=== Begin Enclosure ===

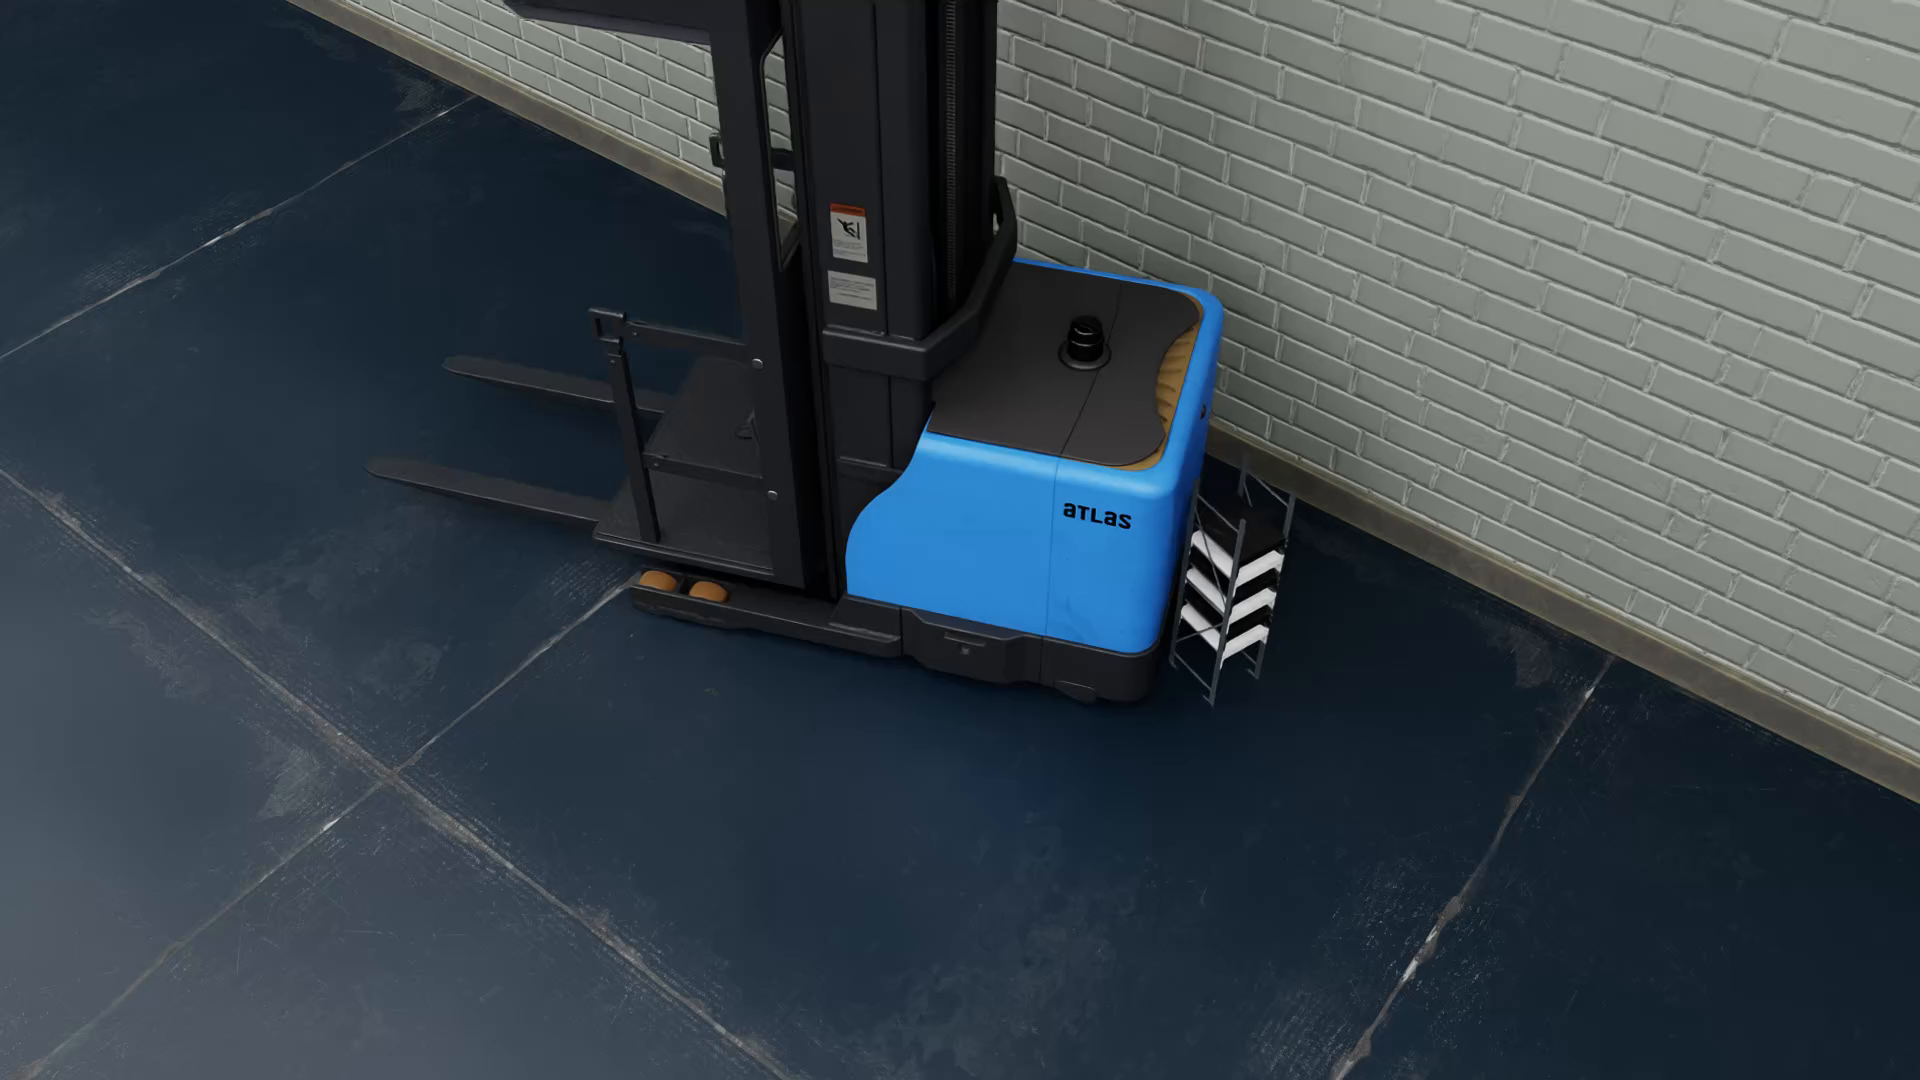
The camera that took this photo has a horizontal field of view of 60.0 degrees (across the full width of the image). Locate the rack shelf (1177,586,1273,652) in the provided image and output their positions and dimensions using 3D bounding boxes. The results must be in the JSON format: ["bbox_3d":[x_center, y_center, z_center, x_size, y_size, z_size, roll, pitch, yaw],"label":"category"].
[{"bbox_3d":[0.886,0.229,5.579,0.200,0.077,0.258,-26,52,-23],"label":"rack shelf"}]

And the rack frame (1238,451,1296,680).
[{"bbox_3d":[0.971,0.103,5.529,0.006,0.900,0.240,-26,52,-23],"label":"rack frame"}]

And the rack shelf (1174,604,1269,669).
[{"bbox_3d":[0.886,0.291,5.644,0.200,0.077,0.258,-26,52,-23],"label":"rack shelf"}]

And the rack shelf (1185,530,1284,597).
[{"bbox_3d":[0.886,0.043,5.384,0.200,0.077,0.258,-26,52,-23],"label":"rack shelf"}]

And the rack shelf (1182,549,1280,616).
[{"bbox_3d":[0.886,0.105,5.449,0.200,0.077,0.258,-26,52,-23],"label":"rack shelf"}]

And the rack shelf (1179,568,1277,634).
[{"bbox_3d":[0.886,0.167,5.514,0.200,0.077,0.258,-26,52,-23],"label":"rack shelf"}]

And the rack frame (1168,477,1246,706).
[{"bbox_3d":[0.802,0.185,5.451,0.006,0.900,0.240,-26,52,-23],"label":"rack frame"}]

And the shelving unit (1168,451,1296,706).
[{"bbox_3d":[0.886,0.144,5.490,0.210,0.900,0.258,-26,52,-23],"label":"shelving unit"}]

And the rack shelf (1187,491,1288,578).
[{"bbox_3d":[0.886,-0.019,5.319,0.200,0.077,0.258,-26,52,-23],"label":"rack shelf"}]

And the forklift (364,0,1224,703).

=== End Enclosure ===

Leave out the images and repeat the rest of the data word for word.

* _Expected answer_:
The camera that took this photo has a horizontal field of view of 60.0 degrees (across the full width of the image). Locate the rack shelf (1177,586,1273,652) in the provided image and output their positions and dimensions using 3D bounding boxes. The results must be in the JSON format: ["bbox_3d":[x_center, y_center, z_center, x_size, y_size, z_size, roll, pitch, yaw],"label":"category"].
[{"bbox_3d":[0.886,0.229,5.579,0.200,0.077,0.258,-26,52,-23],"label":"rack shelf"}]

And the rack frame (1238,451,1296,680).
[{"bbox_3d":[0.971,0.103,5.529,0.006,0.900,0.240,-26,52,-23],"label":"rack frame"}]

And the rack shelf (1174,604,1269,669).
[{"bbox_3d":[0.886,0.291,5.644,0.200,0.077,0.258,-26,52,-23],"label":"rack shelf"}]

And the rack shelf (1185,530,1284,597).
[{"bbox_3d":[0.886,0.043,5.384,0.200,0.077,0.258,-26,52,-23],"label":"rack shelf"}]

And the rack shelf (1182,549,1280,616).
[{"bbox_3d":[0.886,0.105,5.449,0.200,0.077,0.258,-26,52,-23],"label":"rack shelf"}]

And the rack shelf (1179,568,1277,634).
[{"bbox_3d":[0.886,0.167,5.514,0.200,0.077,0.258,-26,52,-23],"label":"rack shelf"}]

And the rack frame (1168,477,1246,706).
[{"bbox_3d":[0.802,0.185,5.451,0.006,0.900,0.240,-26,52,-23],"label":"rack frame"}]

And the shelving unit (1168,451,1296,706).
[{"bbox_3d":[0.886,0.144,5.490,0.210,0.900,0.258,-26,52,-23],"label":"shelving unit"}]

And the rack shelf (1187,491,1288,578).
[{"bbox_3d":[0.886,-0.019,5.319,0.200,0.077,0.258,-26,52,-23],"label":"rack shelf"}]

And the forklift (364,0,1224,703).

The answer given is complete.